Ask HN: I'm a research engineer. How bad do I need an MBA? - atrilla
I&#x27;m building a personal brand as an industry-focused research engineer (http:&#x2F;&#x2F;atrilla.net&#x2F;). I have a strong technical and scientific background. What value can an MBA add to my career? Will it enrich my career with management and business skills? Is it worth it?
======
lutusp
> I'm building a personal brand as an industry-focused research engineer ...

Meaning you're planning to run your own business.

> What value can an MBA add to my career?

It might make it easier to assemble a successful business plan for your
consultancy, but acquiring an MBA for that purpose alone might be overkill.

> Will it enrich my career with management and business skills?

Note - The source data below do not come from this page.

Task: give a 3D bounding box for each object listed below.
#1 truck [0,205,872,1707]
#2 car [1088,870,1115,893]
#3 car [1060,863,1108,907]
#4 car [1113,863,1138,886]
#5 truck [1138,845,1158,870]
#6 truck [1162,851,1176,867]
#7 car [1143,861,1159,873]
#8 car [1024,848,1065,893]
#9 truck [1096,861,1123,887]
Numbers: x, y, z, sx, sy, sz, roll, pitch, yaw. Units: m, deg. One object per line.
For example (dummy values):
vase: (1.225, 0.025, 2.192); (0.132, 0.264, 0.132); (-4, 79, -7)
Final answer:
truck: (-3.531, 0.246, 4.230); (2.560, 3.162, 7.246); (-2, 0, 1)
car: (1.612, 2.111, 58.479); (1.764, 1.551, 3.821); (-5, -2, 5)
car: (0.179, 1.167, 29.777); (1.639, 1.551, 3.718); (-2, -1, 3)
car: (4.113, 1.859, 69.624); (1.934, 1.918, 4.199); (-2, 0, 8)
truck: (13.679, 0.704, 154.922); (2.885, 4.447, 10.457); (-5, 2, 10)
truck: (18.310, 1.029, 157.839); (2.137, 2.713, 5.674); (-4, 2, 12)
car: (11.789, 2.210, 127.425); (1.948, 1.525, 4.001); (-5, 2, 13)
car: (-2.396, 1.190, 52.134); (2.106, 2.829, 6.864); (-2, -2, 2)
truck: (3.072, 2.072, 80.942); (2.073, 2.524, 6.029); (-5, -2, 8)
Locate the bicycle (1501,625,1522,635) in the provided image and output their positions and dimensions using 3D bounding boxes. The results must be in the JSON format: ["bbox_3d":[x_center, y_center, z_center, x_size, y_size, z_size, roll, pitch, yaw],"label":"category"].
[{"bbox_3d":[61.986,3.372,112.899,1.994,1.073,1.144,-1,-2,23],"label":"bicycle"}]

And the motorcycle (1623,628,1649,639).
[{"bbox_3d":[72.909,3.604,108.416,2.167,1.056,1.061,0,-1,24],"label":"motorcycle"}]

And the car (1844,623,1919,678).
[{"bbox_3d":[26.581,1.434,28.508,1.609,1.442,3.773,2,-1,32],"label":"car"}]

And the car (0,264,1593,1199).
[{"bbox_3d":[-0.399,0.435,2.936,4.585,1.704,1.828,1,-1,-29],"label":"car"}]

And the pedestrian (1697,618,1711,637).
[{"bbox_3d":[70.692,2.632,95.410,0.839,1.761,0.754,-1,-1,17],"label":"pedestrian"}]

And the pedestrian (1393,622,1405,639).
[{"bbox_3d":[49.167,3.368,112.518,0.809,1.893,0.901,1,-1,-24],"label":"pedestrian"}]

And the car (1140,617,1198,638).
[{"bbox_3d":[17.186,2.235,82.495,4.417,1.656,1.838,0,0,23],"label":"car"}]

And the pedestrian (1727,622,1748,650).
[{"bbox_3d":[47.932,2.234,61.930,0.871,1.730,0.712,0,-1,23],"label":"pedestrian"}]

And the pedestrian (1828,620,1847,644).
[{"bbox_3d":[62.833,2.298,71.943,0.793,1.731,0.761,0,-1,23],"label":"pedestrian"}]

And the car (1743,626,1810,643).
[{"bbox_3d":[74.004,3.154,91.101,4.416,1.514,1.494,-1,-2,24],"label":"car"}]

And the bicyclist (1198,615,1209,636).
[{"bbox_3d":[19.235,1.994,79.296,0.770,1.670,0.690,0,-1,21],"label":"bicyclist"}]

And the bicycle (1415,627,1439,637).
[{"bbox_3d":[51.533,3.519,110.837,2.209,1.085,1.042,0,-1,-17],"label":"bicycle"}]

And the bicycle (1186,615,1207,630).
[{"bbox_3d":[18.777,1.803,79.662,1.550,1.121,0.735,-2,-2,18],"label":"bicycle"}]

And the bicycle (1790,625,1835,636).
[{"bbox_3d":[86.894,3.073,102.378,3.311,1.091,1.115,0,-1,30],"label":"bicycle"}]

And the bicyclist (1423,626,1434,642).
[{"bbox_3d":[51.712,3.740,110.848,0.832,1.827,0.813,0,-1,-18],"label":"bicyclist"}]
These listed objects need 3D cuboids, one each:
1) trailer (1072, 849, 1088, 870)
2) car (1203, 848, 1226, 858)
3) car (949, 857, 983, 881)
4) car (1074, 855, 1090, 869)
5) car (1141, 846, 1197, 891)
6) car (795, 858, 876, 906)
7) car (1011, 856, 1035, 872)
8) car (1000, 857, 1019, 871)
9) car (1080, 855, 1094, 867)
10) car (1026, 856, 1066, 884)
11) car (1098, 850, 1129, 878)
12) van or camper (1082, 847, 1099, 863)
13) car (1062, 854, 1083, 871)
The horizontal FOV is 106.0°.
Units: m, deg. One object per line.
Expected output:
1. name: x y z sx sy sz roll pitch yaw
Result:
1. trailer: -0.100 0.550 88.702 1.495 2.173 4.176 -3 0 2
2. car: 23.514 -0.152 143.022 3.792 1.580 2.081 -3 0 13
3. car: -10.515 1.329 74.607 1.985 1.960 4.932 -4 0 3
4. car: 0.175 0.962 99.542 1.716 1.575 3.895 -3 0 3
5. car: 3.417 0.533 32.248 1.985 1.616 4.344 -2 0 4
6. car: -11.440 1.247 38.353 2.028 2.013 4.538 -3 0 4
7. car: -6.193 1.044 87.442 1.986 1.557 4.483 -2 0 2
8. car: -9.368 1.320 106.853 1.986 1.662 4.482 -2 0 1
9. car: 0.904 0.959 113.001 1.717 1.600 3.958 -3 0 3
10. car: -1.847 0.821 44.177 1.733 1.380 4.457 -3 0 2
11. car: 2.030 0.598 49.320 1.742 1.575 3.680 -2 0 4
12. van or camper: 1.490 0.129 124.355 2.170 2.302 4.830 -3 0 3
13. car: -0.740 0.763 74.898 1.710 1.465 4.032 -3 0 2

That depends. Are you anticipating that you may offer business as well as
technical advice?

------
tagabek
I have always thought that the best way to learn how to run a business is to
do just that. Ask questions, make mistakes, and keep learning. An MBA might
allow you to learn about business tactics and details, but will not
(generally) give you the experience of running your own business.

------
FurrBall
If you work for people who promote MBA's then it could help get you promoted.
Other than that I see little value. I'm a pessimist.

How much will the MBA cost and how much extra money would your promotion bring
in? Need the inputs to answer "is it worth it?"